Blockchain security company Beosin has been the focus of a major scandal after its Chief Marketing Officer Gao Ziyang was taken into custody and charged with embezzlement of state-owned assets. He is alleged to have been using government funds to unsuccessfully short BTC, resulting in a massive liquidation of over 300 million renminbi, or $45 million dollars.

Beosin, also known as Lianan Tech, had a working relationship with Chinese authorities and was helping them investigate fraudulent fundraising schemes. After the seizure of funds back in 2020, Beosin was tasked with storing and selling the assets, to be later returned to the state treasury. Instead of selling the assets, CMO Gao Ziyang allegedly opened a short position in late August, hoping to increase the size of the positions for personal gain. At the time, BTC was trading around $12,000.

Authorities say that records obtained from OKEx show the position began using 10x leverage, before increasing to 100x, and eventually ended up in liquidation. They began to ask about the whereabouts of the funds, before finally realizing that the assets were no longer in the wallet. Online, people have marveled at the age of Gao Ziyang, who was described as in his twenties. The future of Beosin, which was once regarded as a credible blockchain security company in China, is now in serious doubt.
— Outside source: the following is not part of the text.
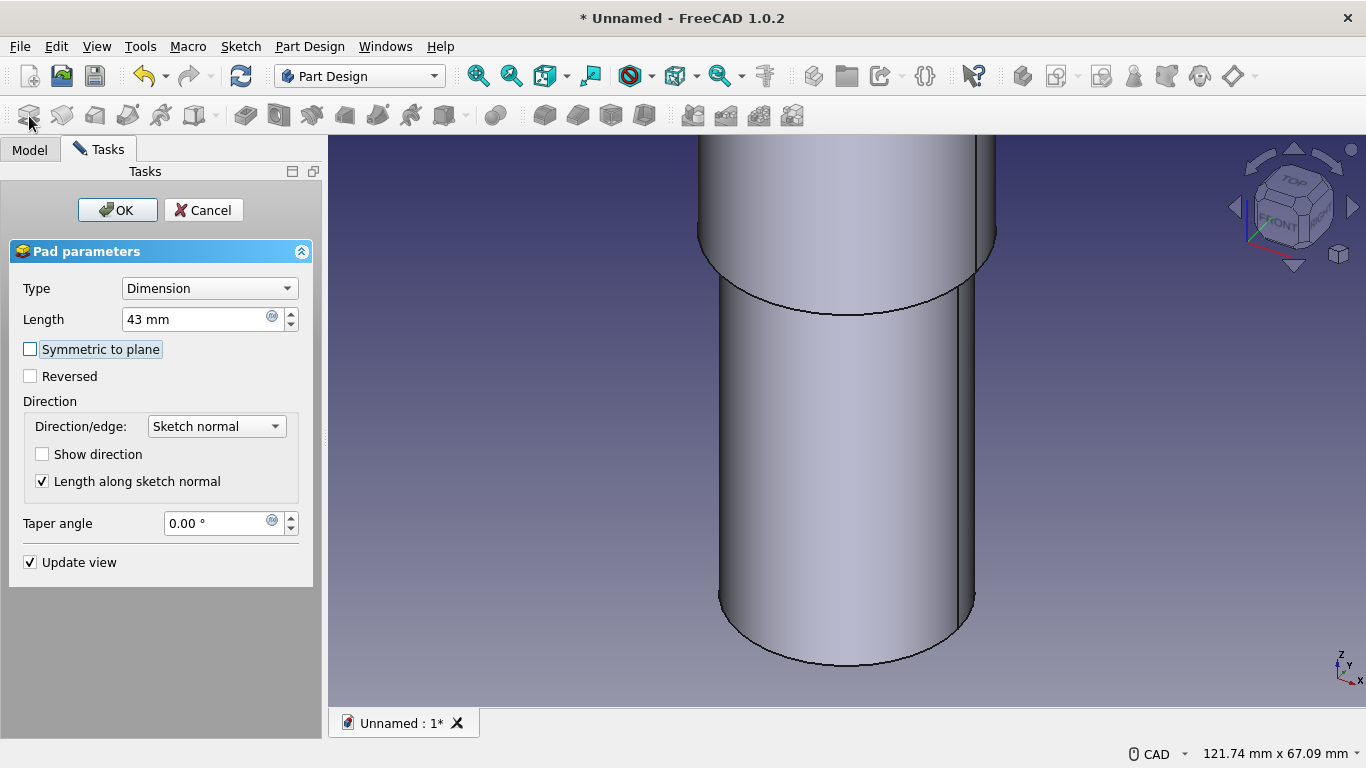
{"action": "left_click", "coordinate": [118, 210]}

Peter Thiel’s Bitcoin claims ignored

On Wednesday, PayPal co-founder and venture capitalist, Peter Thiel warned that the Chinese government may be using Bitcoin as a “financial weapon” to undermine the stability of the U.S. Dollar. The reaction was quite muted, as only 30 comments responded to the story on Sina Finance, a social media account with over 23 million followers. One of the top comments simply pointed out that “Bitcoin wasn’t invented by China” while another comment simply stated “Impossible”.

Binance billionaire

On Thursday, Binance founder Zhao Changpeng, better known as CZ, appeared as #1664 on Forbes’s annual billionaire list. His net worth is now listed at $1.9 billion, an increase of $700 million from the last list in 2020.
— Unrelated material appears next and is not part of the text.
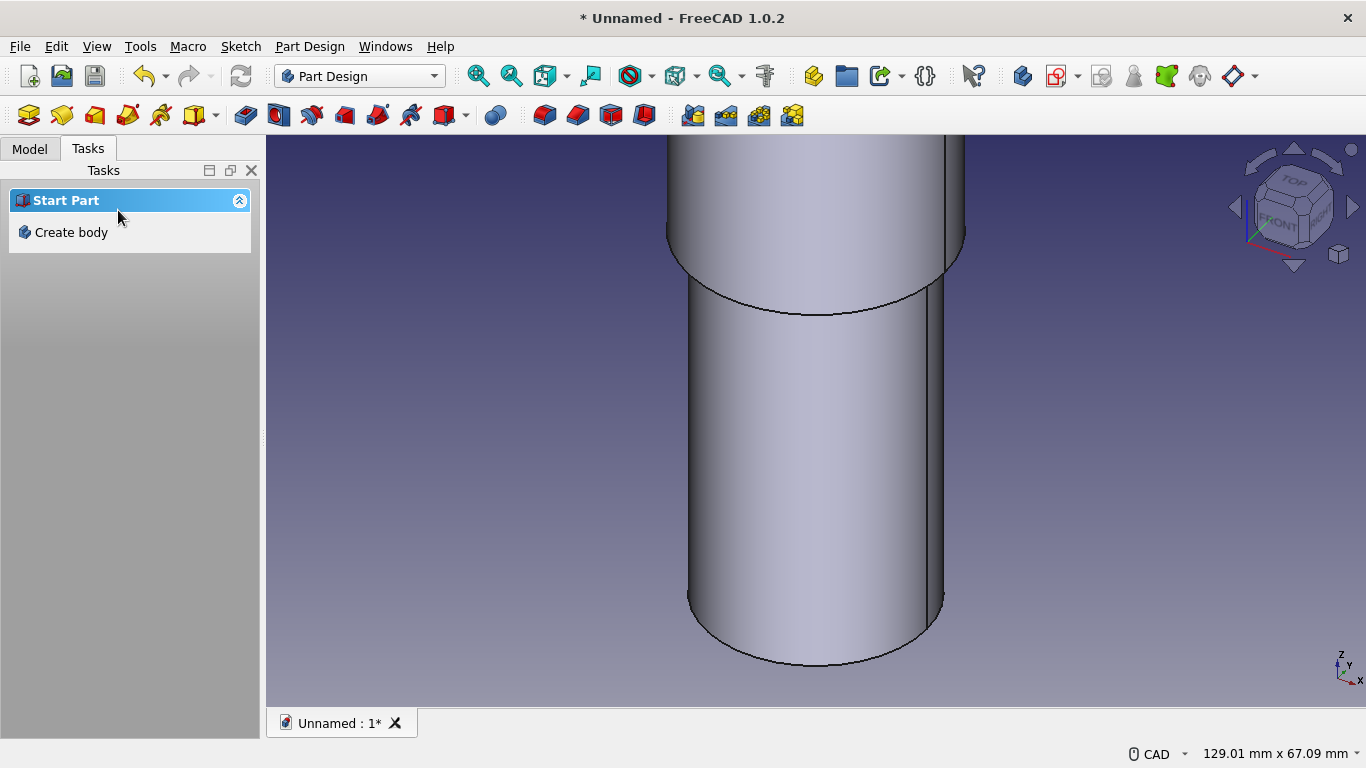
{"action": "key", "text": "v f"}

Nanjing Ribensi bought by US company

US Company Future FinTech announced earlier this week that they had agreed to a deal to acquire China-based mining company Nanjing Ribensi Electronic Technology Co. Nanjing Ribensi operates a mining farm that can handle up to 30,000 Bitcoin mining machines. The deal was worth approximately $9.1 million dollars and stipulates that the mining company must generate no less than approximately $2.3 million dollars in 2021.

Blockchain standards accelerated

China’s National Development and Reform Commission called for the accelerated implementation of blockchain standards in a new plan released on April 1. The plan was jointly issued by 28 government departments and also included technologies such as cloud computing, IoT, and big data.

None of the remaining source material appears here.